A Long Time Coming

A new book release of this easy to read collection of essays on ageing

A Long Time Coming

I remember sitting in the National Ageing Research Institute (NARI) annual seminar a few years ago, and being fascinated by the research that was being presented. I considered myself a fairly aware person with an interest in the world around me, but being new to the area of ageing research I quickly realised I knew very little about some of the issues and challenges facing older people. Over the years I realised that if I found the area interesting, chances were, others would too. So I decided to write a series of essays on aspects of old age that I thought were sometimes hidden away from the collective public consciousness.

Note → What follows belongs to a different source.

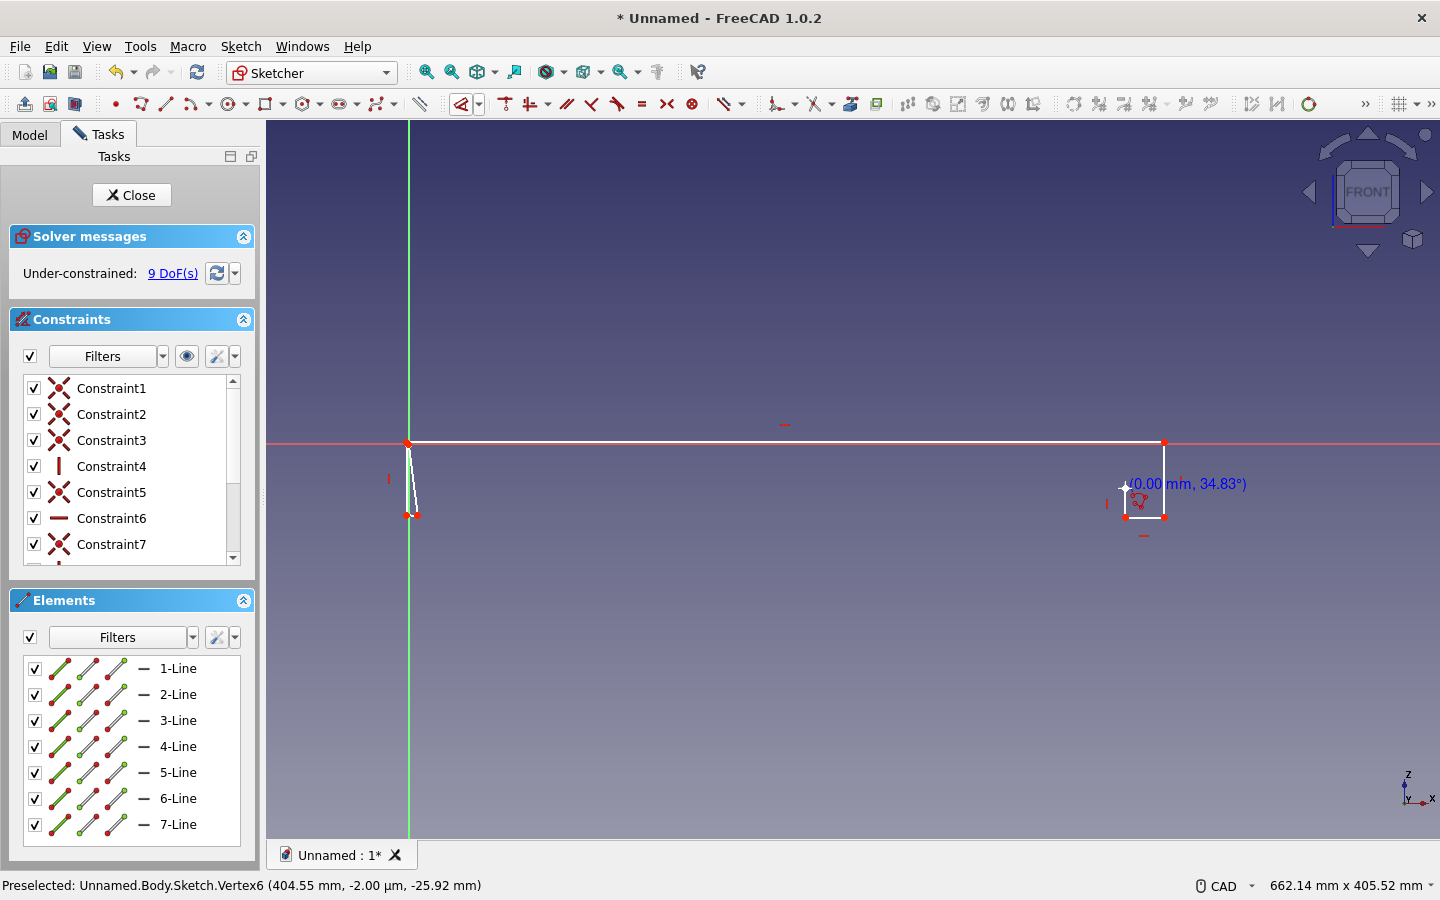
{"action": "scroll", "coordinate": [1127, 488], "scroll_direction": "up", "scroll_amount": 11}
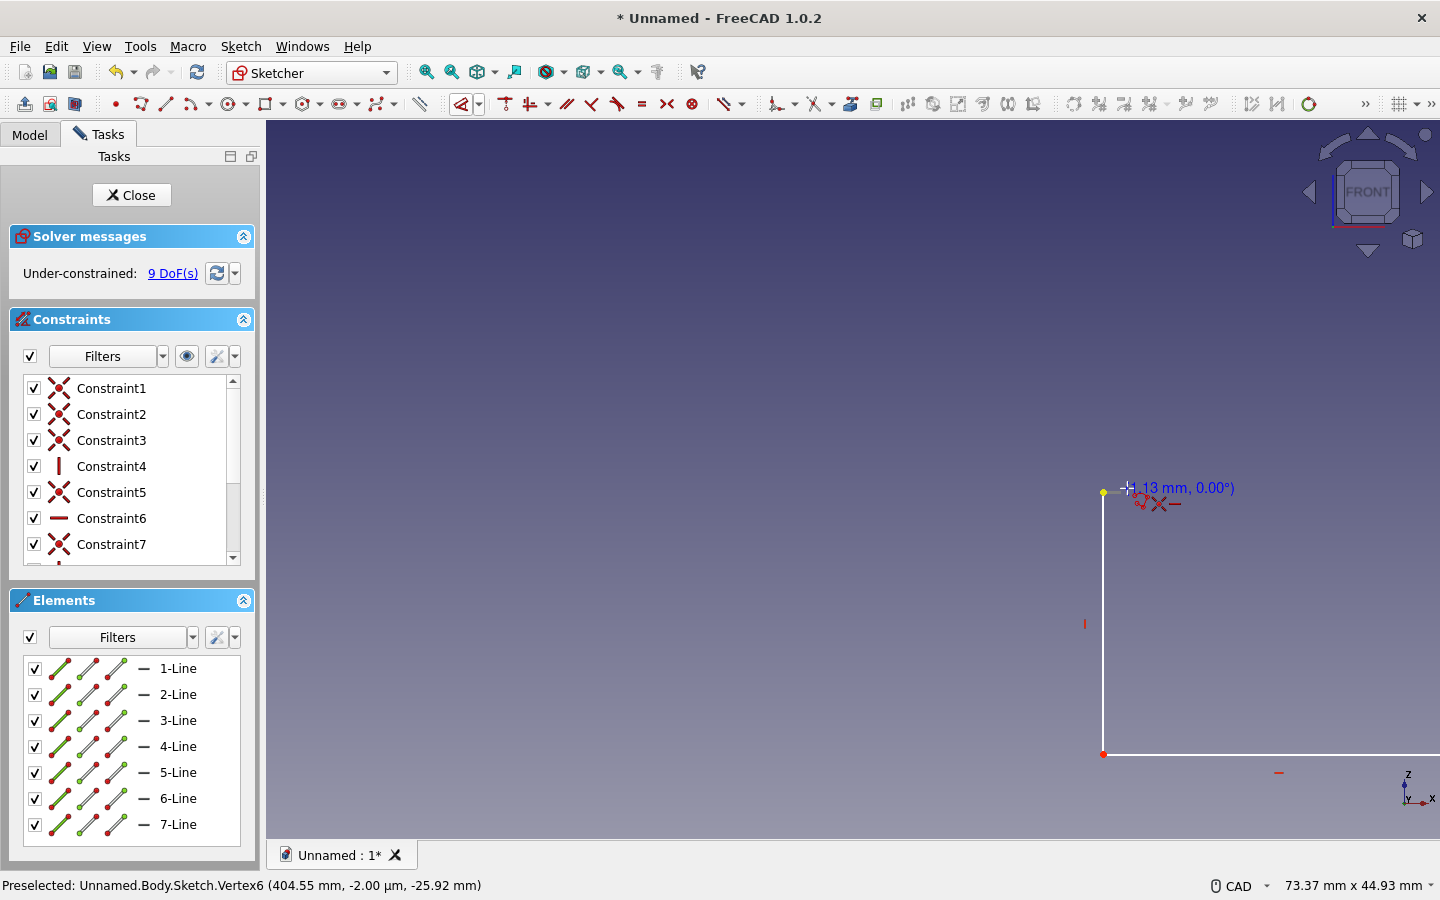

The essays were mainly based on interviews with older people. Their interests or preoccupations led me to different areas to research and contemplate. In this way I wrote essays on how women felt about their ageing bodies, and society’s expectations of what getting older looks like; on the way novels are the perfect way of getting inside the minds of people with dementia and encouraging empathy for their situation; and on how older people in the Tiwi Islands live, and what more mainstream aged care services might learn from their approach. I also wrote about the loneliness and isolation experienced by some people living in nursing homes, the way financial exploitation and abuse of older people can lead to homelessness, and how younger feminists should be fighting for the rights of older women to proper care and inclusion.

One of the preoccupations that kept coming up was older people’s fear of being a burden. There is such a focus on maintaining our independence that many people worry about what will happen when they start to need help. This led to an essay on the right to be old, and it’s a theme that runs through the entire book, that ageing is not about staying young, it’s simply a part of the life course and should be accepted rather than feared.